Well I feel positive today, I struggled for the past two days to make my logistic regression in Clojure faster. I even made up to four different implementations of the logistic regression, with none of them giving satisfactory results. It all was even more disappointing when comparing to my MyML logistic regression implementation.
Well, I found out what the problem was: Actually I was making two fatal errors.
- My input data in Clojure were lists instead of vectors
- My input data in Python was 256 datapoints, instead of 1000 as in the Clojure version.

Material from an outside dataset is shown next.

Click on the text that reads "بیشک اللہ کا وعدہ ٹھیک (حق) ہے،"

Both points stemmed from me being not so careful. In the first case, I knew already that one should use vectors instead of list when going after performance, but I was assuming that my data was in vector form. Staring at the variable X, I wondered if it was vector or list and voila, performance just got x5 better. Then I went to the Python interpreter, checked whether the number of iterations in the gradient descent object was the same as in Clojure, and then checked the data... well, my data was smaller (from a previous test with logistic regression). I re-generated my data and Python just lagged behind. In particular, I give you the figures (notice that I did not bother to put the wrong results I was getting because of my mistakes):
Python: 0.56 sec
Clojure: 0.19 sec (iterative implementation through loop-recur)
0.04 sec (concurrent implementation through agents).

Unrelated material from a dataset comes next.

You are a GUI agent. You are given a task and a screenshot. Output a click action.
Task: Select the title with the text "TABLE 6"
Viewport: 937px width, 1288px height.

Bear in mind that I am conduncting the tests on my girlfriend's borrowed machine and that I installed Cristoph Gohlke's Numpy distribution, which shippes with Intel's MKL statically-linked libraries, so it should be pretty fast in terms of algebraic computations. Perhaps the lack of performance comes from Python's interpreter itself (read-interpret-execute...). This is even more supporting of Clojure, since we are focusing on the infrastructure of both systems.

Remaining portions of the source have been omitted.